Title: Tax changes that you should know about

Sub-title: Each year the Canada Revenue Agency makes a slew of rule changes. Use the opportunity to revise your entire tax strategy.


The fast approaching income tax and registered retirement savings plan (RRSP) contribution deadlines have Canadians everywhere scrambling to gather their receipts, forms and other paperwork. The braver and more patient will complete those returns themselves. Others, who are less able or less willing to keep up with tax code complexities, will dump them on their accountants.

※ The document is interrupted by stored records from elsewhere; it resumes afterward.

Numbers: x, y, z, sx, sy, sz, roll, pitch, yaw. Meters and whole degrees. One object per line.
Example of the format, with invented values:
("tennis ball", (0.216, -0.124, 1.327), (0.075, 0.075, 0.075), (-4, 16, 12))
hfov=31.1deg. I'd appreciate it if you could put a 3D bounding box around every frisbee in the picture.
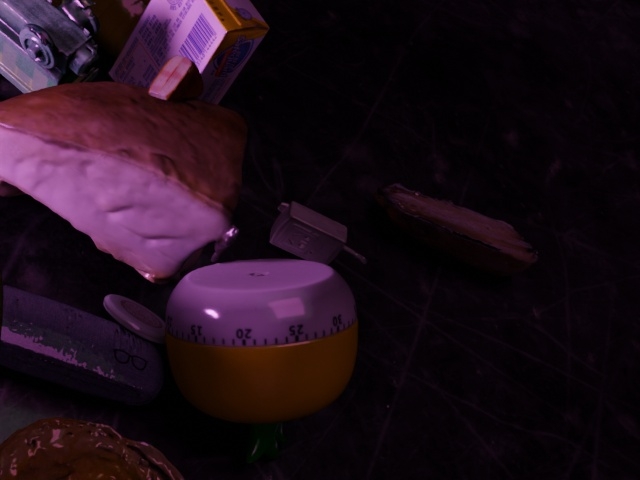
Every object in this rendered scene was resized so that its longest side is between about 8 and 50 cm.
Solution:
("frisbee", (-0.250, 0.107, 1.586), (0.110, 0.014, 0.110), (32, 8, -5))

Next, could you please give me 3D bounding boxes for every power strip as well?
("power strip", (0.000, 0.000, 1.878), (0.175, 0.075, 0.042), (24, 40, -17))

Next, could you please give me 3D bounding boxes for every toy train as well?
("toy train", (-0.461, -0.338, 1.735), (0.301, 0.202, 0.120), (40, 63, 0))

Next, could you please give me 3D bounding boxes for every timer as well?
("timer", (-0.076, 0.174, 1.556), (0.285, 0.285, 0.285), (22, 43, -21))

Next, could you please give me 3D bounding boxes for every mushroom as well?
("mushroom", (-0.311, -0.143, 1.652), (0.397, 0.224, 0.314), (24, 44, -18))

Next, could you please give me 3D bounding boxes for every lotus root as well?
("lotus root", (0.237, -0.009, 2.083), (0.329, 0.078, 0.167), (20, 20, -21))

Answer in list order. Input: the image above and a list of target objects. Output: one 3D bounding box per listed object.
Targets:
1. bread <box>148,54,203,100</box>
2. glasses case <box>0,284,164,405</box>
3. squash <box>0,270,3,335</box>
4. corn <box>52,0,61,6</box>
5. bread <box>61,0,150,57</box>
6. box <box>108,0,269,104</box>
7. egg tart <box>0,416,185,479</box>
("bread", (-0.202, -0.236, 1.664), (0.043, 0.062, 0.109), (23, 17, 19))
("glasses case", (-0.333, 0.136, 1.493), (0.282, 0.067, 0.109), (24, 34, -23))
("squash", (-0.480, 0.067, 1.314), (0.310, 0.310, 0.309), (31, 26, -11))
("corn", (-0.464, -0.391, 1.882), (0.207, 0.068, 0.068), (47, 40, 9))
("bread", (-0.410, -0.471, 1.965), (0.383, 0.112, 0.166), (44, 40, 5))
("box", (-0.215, -0.304, 1.845), (0.097, 0.265, 0.168), (-13, 60, -46))
("egg tart", (-0.272, 0.334, 1.318), (0.288, 0.118, 0.288), (21, 41, -20))
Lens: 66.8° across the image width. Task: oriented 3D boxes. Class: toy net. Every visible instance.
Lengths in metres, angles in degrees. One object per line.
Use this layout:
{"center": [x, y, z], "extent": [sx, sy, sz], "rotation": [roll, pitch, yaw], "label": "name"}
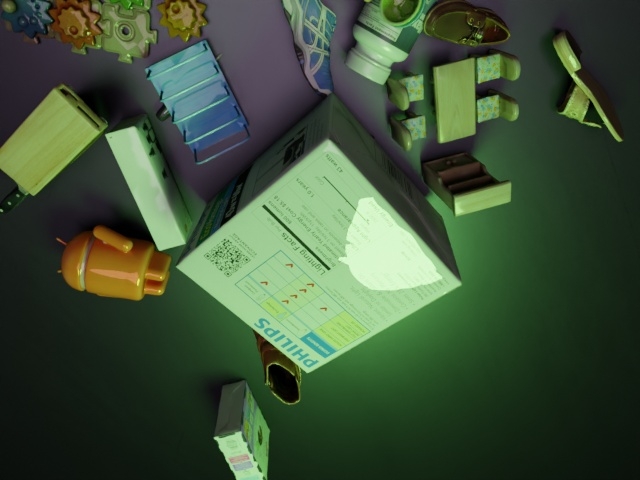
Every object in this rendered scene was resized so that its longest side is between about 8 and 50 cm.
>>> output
{"center": [0.091, -0.424, 0.736], "extent": [0.232, 0.045, 0.122], "rotation": [49, 120, 22], "label": "toy net"}

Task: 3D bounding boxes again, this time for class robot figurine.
{"center": [-0.422, 0.049, 0.989], "extent": [0.219, 0.158, 0.128], "rotation": [11, 76, -10], "label": "robot figurine"}

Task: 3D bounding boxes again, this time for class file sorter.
{"center": [-0.210, -0.239, 0.848], "extent": [0.118, 0.104, 0.170], "rotation": [-27, 120, -2], "label": "file sorter"}

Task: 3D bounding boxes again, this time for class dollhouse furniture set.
{"center": [0.254, -0.194, 0.873], "extent": [0.211, 0.161, 0.242], "rotation": [-16, 122, -5], "label": "dollhouse furniture set"}

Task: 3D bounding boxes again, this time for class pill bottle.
{"center": [0.117, -0.365, 0.819], "extent": [0.107, 0.108, 0.180], "rotation": [23, 115, -15], "label": "pill bottle"}

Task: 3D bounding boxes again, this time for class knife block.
{"center": [-0.487, -0.140, 0.827], "extent": [0.242, 0.275, 0.088], "rotation": [-49, 115, -12], "label": "knife block"}

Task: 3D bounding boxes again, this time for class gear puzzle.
{"center": [-0.359, -0.390, 0.806], "extent": [0.338, 0.044, 0.176], "rotation": [9, 117, -9], "label": "gear puzzle"}

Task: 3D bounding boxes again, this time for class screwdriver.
{"center": [-0.237, -0.278, 0.888], "extent": [0.169, 0.024, 0.025], "rotation": [-36, 85, 12], "label": "screwdriver"}

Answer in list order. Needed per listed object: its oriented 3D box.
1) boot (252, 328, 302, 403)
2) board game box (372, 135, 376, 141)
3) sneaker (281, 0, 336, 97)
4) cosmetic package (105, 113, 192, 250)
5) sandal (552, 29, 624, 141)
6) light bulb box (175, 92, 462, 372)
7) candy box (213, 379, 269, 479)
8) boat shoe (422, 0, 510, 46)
{"center": [-0.119, 0.192, 1.033], "extent": [0.108, 0.220, 0.284], "rotation": [-21, 117, 7], "label": "boot"}
{"center": [0.089, -0.106, 1.000], "extent": [0.126, 0.026, 0.186], "rotation": [-24, 117, 9], "label": "board game box"}
{"center": [-0.007, -0.351, 0.833], "extent": [0.081, 0.080, 0.211], "rotation": [-15, 119, 7], "label": "sneaker"}
{"center": [-0.319, -0.110, 0.928], "extent": [0.060, 0.099, 0.239], "rotation": [-14, 119, 4], "label": "cosmetic package"}
{"center": [0.484, -0.277, 0.925], "extent": [0.079, 0.088, 0.240], "rotation": [-23, 114, 44], "label": "sandal"}
{"center": [0.000, 0.000, 0.912], "extent": [0.361, 0.225, 0.358], "rotation": [-35, 115, 24], "label": "light bulb box"}
{"center": [-0.191, 0.483, 1.213], "extent": [0.070, 0.165, 0.197], "rotation": [-15, 118, 4], "label": "candy box"}
{"center": [0.251, -0.360, 0.815], "extent": [0.177, 0.060, 0.064], "rotation": [-10, 137, -31], "label": "boat shoe"}
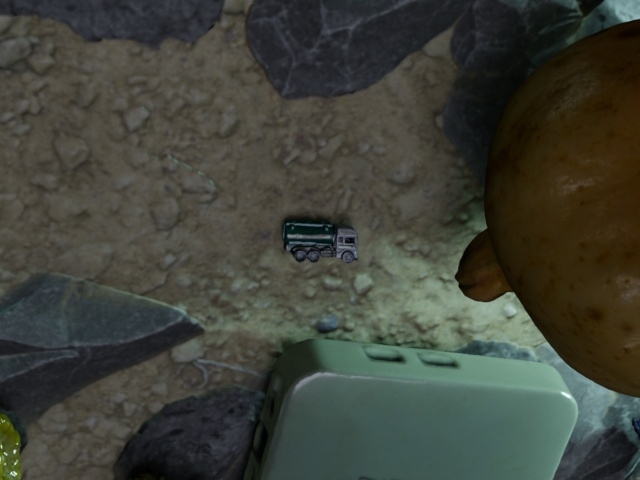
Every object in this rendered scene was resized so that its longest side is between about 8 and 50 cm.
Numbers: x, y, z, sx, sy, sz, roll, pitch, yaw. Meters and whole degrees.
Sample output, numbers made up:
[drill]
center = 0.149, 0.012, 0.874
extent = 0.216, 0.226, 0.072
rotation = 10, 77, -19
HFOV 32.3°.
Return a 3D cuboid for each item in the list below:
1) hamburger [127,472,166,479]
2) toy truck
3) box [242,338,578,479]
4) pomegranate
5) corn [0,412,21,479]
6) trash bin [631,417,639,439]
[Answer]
[hamburger]
center = -0.181, 0.361, 1.275
extent = 0.113, 0.177, 0.185
rotation = 11, 158, -18
[toy truck]
center = 0.000, 0.000, 1.186
extent = 0.083, 0.039, 0.044
rotation = 1, 104, -12
[box]
center = 0.089, 0.296, 1.341
extent = 0.373, 0.090, 0.367
rotation = 8, 115, -16
[pomegranate]
center = 0.315, -0.024, 1.073
extent = 0.410, 0.410, 0.410
rotation = -5, 119, -10
[corn]
center = -0.494, 0.270, 1.174
extent = 0.344, 0.131, 0.131
rotation = -13, 120, -3
[trash bin]
center = 0.524, 0.260, 1.384
extent = 0.234, 0.184, 0.163
rotation = -17, 121, 10
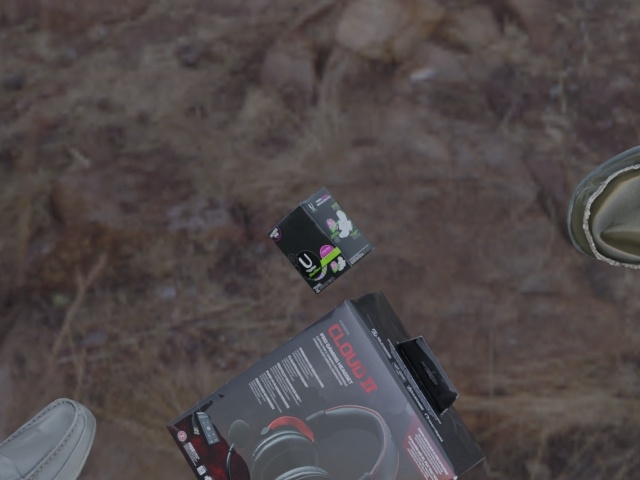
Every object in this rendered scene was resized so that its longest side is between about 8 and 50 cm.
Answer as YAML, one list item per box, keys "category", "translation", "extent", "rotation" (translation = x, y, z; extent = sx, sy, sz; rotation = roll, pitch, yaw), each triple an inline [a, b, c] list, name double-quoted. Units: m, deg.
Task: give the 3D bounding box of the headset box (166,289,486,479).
- category: "headset box"
  translation: [0.015, 0.206, 1.510]
  extent: [0.293, 0.218, 0.110]
  rotation: [-35, -10, 22]

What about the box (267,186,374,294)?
- category: "box"
  translation: [0.000, 0.000, 1.451]
  extent: [0.083, 0.062, 0.052]
  rotation: [51, 38, 2]

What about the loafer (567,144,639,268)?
- category: "loafer"
  translation: [0.301, -0.031, 1.011]
  extent: [0.251, 0.094, 0.087]
  rotation: [-11, 11, 14]

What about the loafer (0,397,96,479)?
- category: "loafer"
  translation: [-0.377, 0.289, 1.591]
  extent: [0.112, 0.111, 0.319]
  rotation: [4, 43, 42]
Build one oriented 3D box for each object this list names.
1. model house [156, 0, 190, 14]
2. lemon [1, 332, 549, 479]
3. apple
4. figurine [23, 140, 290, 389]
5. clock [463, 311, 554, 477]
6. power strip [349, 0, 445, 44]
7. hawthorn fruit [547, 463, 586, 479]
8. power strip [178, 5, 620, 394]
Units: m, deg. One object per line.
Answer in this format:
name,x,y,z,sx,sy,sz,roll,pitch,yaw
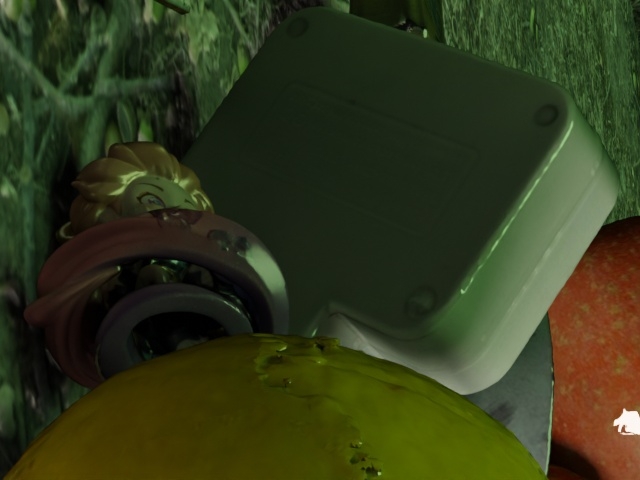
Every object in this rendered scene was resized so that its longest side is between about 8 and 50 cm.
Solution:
model house,-0.077,-0.210,0.967,0.271,0.206,0.178,179,-96,-71
lemon,-0.017,0.177,0.834,0.297,0.297,0.297,-6,90,-75
apple,0.276,0.121,1.788,0.348,0.348,0.277,-14,85,-74
figurine,-0.089,0.019,0.986,0.157,0.126,0.114,44,-66,57
clock,0.059,0.139,1.238,0.319,0.066,0.319,-170,-90,-78
power strip,0.060,-0.187,1.470,0.387,0.066,0.092,-87,162,-56
hawthorn fruit,0.153,0.259,1.614,0.189,0.189,0.189,-6,90,-75
power strip,0.000,0.000,1.099,0.261,0.229,0.141,-56,139,-11
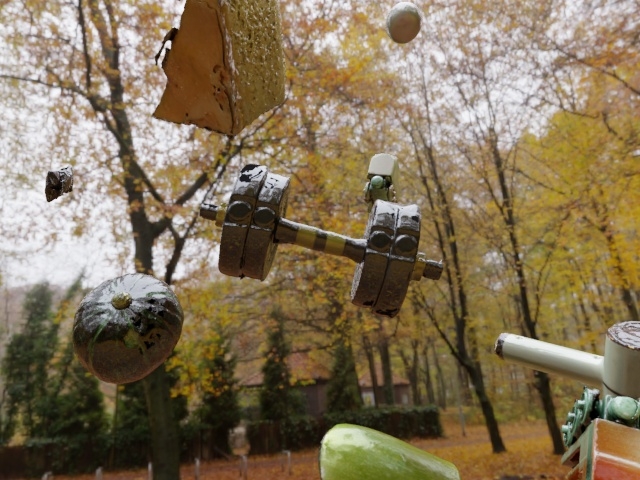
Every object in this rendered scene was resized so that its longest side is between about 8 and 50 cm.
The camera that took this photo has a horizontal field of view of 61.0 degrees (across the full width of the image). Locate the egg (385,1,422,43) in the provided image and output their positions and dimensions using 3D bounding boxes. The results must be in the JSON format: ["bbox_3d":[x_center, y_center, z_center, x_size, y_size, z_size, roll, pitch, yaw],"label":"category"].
[{"bbox_3d":[0.236,-0.617,1.542,0.103,0.103,0.135,-4,-6,-1],"label":"egg"}]

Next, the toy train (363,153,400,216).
[{"bbox_3d":[0.158,-0.117,1.328,0.080,0.125,0.194,9,-24,18],"label":"toy train"}]

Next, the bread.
[{"bbox_3d":[-0.219,-0.381,1.055,0.278,0.316,0.248,9,35,32],"label":"bread"}]

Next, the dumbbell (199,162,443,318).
[{"bbox_3d":[0.000,0.000,0.846,0.387,0.185,0.185,14,-19,0],"label":"dumbbell"}]

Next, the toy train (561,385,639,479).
[{"bbox_3d":[0.308,0.237,0.599,0.074,0.118,0.176,12,-33,17],"label":"toy train"}]

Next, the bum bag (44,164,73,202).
[{"bbox_3d":[-0.469,-0.104,0.978,0.034,0.058,0.124,7,11,-12],"label":"bum bag"}]

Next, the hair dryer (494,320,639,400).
[{"bbox_3d":[0.492,0.244,1.053,0.361,0.203,0.128,9,20,44],"label":"hair dryer"}]

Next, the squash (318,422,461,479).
[{"bbox_3d":[0.116,0.518,1.126,0.308,0.234,0.210,21,-47,-6],"label":"squash"}]

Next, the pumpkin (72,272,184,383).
[{"bbox_3d":[-0.537,0.231,1.517,0.314,0.316,0.239,-4,-39,-1],"label":"pumpkin"}]
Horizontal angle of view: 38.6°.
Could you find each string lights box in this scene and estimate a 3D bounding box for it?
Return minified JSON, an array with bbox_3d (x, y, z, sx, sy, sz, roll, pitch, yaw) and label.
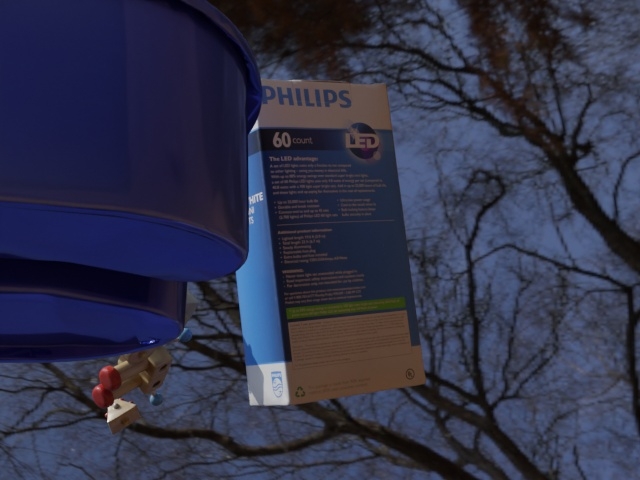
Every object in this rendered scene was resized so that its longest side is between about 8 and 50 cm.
[{"bbox_3d":[0.000,0.000,0.767,0.133,0.076,0.260,-3,-98,-30],"label":"string lights box"}]

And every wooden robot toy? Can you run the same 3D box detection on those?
[{"bbox_3d":[-0.173,0.092,0.803,0.076,0.173,0.079,-16,-126,-44],"label":"wooden robot toy"}]

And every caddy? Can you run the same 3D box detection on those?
[{"bbox_3d":[-0.194,-0.051,0.491,0.341,0.241,0.179,5,-116,-26],"label":"caddy"}]
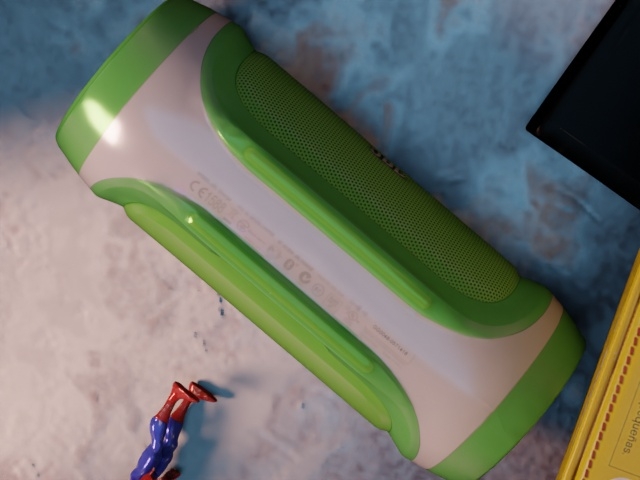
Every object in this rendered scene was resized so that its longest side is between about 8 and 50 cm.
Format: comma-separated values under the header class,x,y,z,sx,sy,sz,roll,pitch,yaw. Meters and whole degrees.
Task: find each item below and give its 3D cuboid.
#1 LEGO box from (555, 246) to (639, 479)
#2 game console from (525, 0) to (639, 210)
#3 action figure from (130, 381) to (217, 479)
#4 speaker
class,x,y,z,sx,sy,sz,roll,pitch,yaw
LEGO box,0.314,0.118,0.930,0.372,0.193,0.500,20,98,8
game console,0.136,-0.172,1.047,0.361,0.044,0.213,34,101,0
action figure,-0.102,0.138,1.126,0.030,0.038,0.115,37,101,17
speaker,0.000,0.000,1.046,0.296,0.131,0.131,40,101,-1
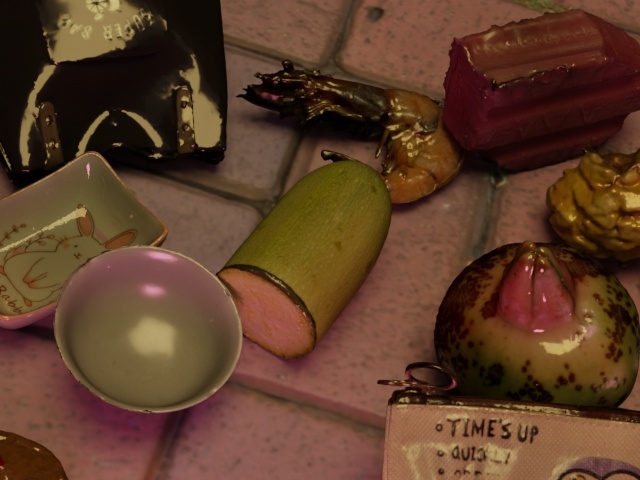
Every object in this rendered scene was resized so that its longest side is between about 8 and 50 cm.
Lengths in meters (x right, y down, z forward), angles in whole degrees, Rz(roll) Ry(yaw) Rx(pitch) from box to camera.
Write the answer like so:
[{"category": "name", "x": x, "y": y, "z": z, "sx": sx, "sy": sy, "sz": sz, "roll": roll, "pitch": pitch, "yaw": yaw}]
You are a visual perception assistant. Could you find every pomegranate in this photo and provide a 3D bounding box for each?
[{"category": "pomegranate", "x": 0.217, "y": 0.081, "z": 1.226, "sx": 0.214, "sy": 0.248, "sz": 0.214, "roll": -7, "pitch": 55, "yaw": 10}]

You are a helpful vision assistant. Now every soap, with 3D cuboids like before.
[{"category": "soap", "x": 0.293, "y": -0.188, "z": 1.496, "sx": 0.289, "sy": 0.182, "sz": 0.112, "roll": -14, "pitch": 59, "yaw": -19}]

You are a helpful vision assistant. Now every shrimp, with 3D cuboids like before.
[{"category": "shrimp", "x": 0.042, "y": -0.120, "z": 1.468, "sx": 0.289, "sy": 0.075, "sz": 0.178, "roll": 12, "pitch": 52, "yaw": -19}]

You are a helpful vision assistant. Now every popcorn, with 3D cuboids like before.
[{"category": "popcorn", "x": 0.355, "y": -0.045, "z": 1.426, "sx": 0.167, "sy": 0.152, "sz": 0.148, "roll": -3, "pitch": 9, "yaw": -8}]

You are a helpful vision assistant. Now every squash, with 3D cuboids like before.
[{"category": "squash", "x": 0.000, "y": 0.000, "z": 1.315, "sx": 0.132, "sy": 0.132, "sz": 0.247, "roll": 29, "pitch": 53, "yaw": 11}]

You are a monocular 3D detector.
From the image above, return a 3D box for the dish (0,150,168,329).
[{"category": "dish", "x": -0.286, "y": 0.012, "z": 1.283, "sx": 0.212, "sy": 0.077, "sz": 0.151, "roll": -30, "pitch": 62, "yaw": -30}]

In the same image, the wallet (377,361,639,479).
[{"category": "wallet", "x": 0.202, "y": 0.265, "z": 1.129, "sx": 0.335, "sy": 0.068, "sz": 0.275, "roll": 7, "pitch": 85, "yaw": -7}]

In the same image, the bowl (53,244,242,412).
[{"category": "bowl", "x": -0.180, "y": 0.106, "z": 1.219, "sx": 0.189, "sy": 0.086, "sz": 0.189, "roll": 9, "pitch": 54, "yaw": -13}]

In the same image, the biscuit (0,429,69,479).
[{"category": "biscuit", "x": -0.350, "y": 0.282, "z": 1.078, "sx": 0.273, "sy": 0.049, "sz": 0.257, "roll": -12, "pitch": 56, "yaw": -19}]

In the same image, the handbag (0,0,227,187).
[{"category": "handbag", "x": -0.262, "y": -0.205, "z": 1.425, "sx": 0.342, "sy": 0.152, "sz": 0.288, "roll": -10, "pitch": 67, "yaw": -18}]
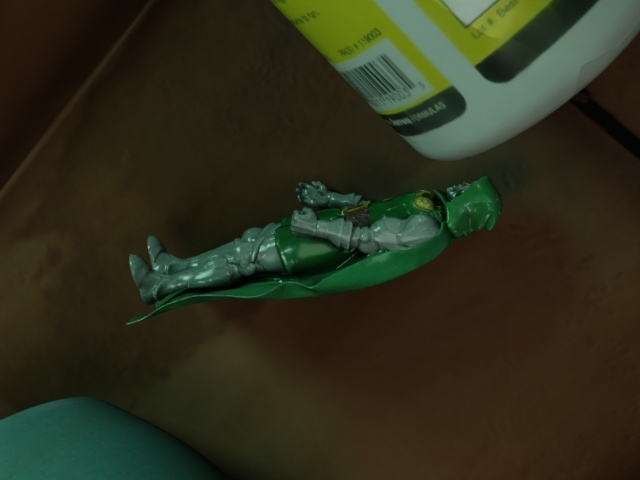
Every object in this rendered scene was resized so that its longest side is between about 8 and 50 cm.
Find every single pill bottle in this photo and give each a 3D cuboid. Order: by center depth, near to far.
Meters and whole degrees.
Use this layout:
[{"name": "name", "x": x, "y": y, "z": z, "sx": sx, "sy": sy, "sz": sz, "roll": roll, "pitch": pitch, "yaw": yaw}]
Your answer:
[{"name": "pill bottle", "x": 0.013, "y": -0.215, "z": 0.662, "sx": 0.188, "sy": 0.188, "sz": 0.334, "roll": -37, "pitch": 107, "yaw": 27}]

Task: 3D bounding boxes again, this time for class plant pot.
[{"name": "plant pot", "x": -0.174, "y": 0.225, "z": 0.929, "sx": 0.290, "sy": 0.290, "sz": 0.195, "roll": -38, "pitch": 70, "yaw": 27}]

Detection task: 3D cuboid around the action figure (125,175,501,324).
[{"name": "action figure", "x": 0.000, "y": 0.000, "z": 0.842, "sx": 0.232, "sy": 0.137, "sz": 0.064, "roll": -12, "pitch": 104, "yaw": 8}]
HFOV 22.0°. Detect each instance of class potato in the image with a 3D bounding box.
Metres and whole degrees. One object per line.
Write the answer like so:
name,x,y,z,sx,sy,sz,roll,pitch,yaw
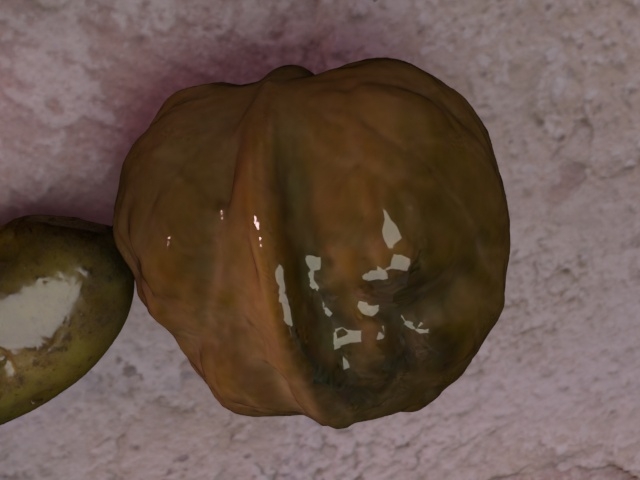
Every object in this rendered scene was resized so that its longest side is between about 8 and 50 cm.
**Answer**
potato,-0.254,0.069,1.302,0.251,0.113,0.149,-41,117,-2

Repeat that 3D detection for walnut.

As it previous years the Canada Revenue Agency has once again listed many of the major tax code and regulation changes on its Web-site (http://www.cra-arc.gc.ca/E/pub/tg/5000-g/5000-g-01-09e.html#P65_887). This year, key changes include increases in the basic personal amount, the spouse amount, as well as the eligible-dependent and age amounts, as well as a slew of housing sector-related measures.


Revise your tax strategy regularly

According to one expert, all tax return filers, even those who farm out their preparation services, need to take an interest in the major changes made to the tax code each year. “Your tax advisor is only as good as the information that you provide him,” said Sonny Barnard, who overseas taxation services at the Montreal offices of Bessner Galley Kreisman. “The more that you are aware of new taxation issues that may affect you, the better the questions that you will be able to ask, and thus the more guidance you will get.”


According to Barnard, effective tax planning includes assessing the impact of these changes as they occur, but also regularly reevaluating your own position.  For example: “Last year the government introduced Tax Free Savings Accounts, which entitle savers to contribute $5,000 a year into interest free accounts,” said Barnard. “However those who were unable to contribute last year, can carry that amount forward and contribute this year.”


That said, according to Barnard, TFSAs are not necessarily for everyone. “Many people prefer to invest either in RRSPs, or to use their savings to pay down their mortgages,” says Barnard. “Both strategies carry significant advantages. An RRSP contribution generally entitles the taxpayer to significant refund. But because mortgage payments are made in “after tax dollars,” paying down housing debt is often the safest, surest and most profitable investment that most people will ever make.”


Refunds aren’t always a good thing

According to Evelyn Jacks, a tax expert and author of numerous books on the subject including Essential Tax Facts 2010 edition, Make sure it’s deductible and Master your taxes, tax changes related to Canada’s housing sector are among those the most likely to get attention this year. These include an increase from $20,000 to $25,000 in the maximum amount that first time home buyers may withdraw from their RRSPs and a new “home buyers amount,” that entitles taxpayers to a $750 tax credit when purchasing a new qualifying property. On the downside, the 15 percent home renovation credit introduced last year and which applied to purchases of between $1,000 and $10,000, expired earlier this month.


Jacks argues that publication of new government tax changes provides taxpayers an opportunity not only to revise their tax strategies, but also their payment methods. The veteran taxation author points out that the average tax refund paid out by the Canada Revenue Agency last year was $1,400, which she regards as an indication that many companies are deducting far too large contributions from employee pay packages.


“It basically means that the government is taking away your money from you and using it for its own purposes, for almost a year – interest free,” says Jacks. “Some people don’t mind this, because they regard it as a form of forced savings on them. However that is like saying that the government is more responsible than you are.”


According to Jacks, those excess remittances by employers to the federal government are often caused by incorrectly-completed tax deduction paperwork (your TD-1 and T-1213 forms). “If you are making RRSP contributions, paying medical expenses or making significant charitable donations you should notify your employer immediately,” says Jacks. “You will almost certainly be eligible to have the deductions made to your paycheck reduced.”


“Effective tax planning isn’t just a series of steps,” adds Jacks. “It is a long term process that consists of ensuring that your first dollars come to you, that you hold on to them as long as possible, and that you can effectively transfer them to you heirs. That may take a bit of work. But it’s worth it.”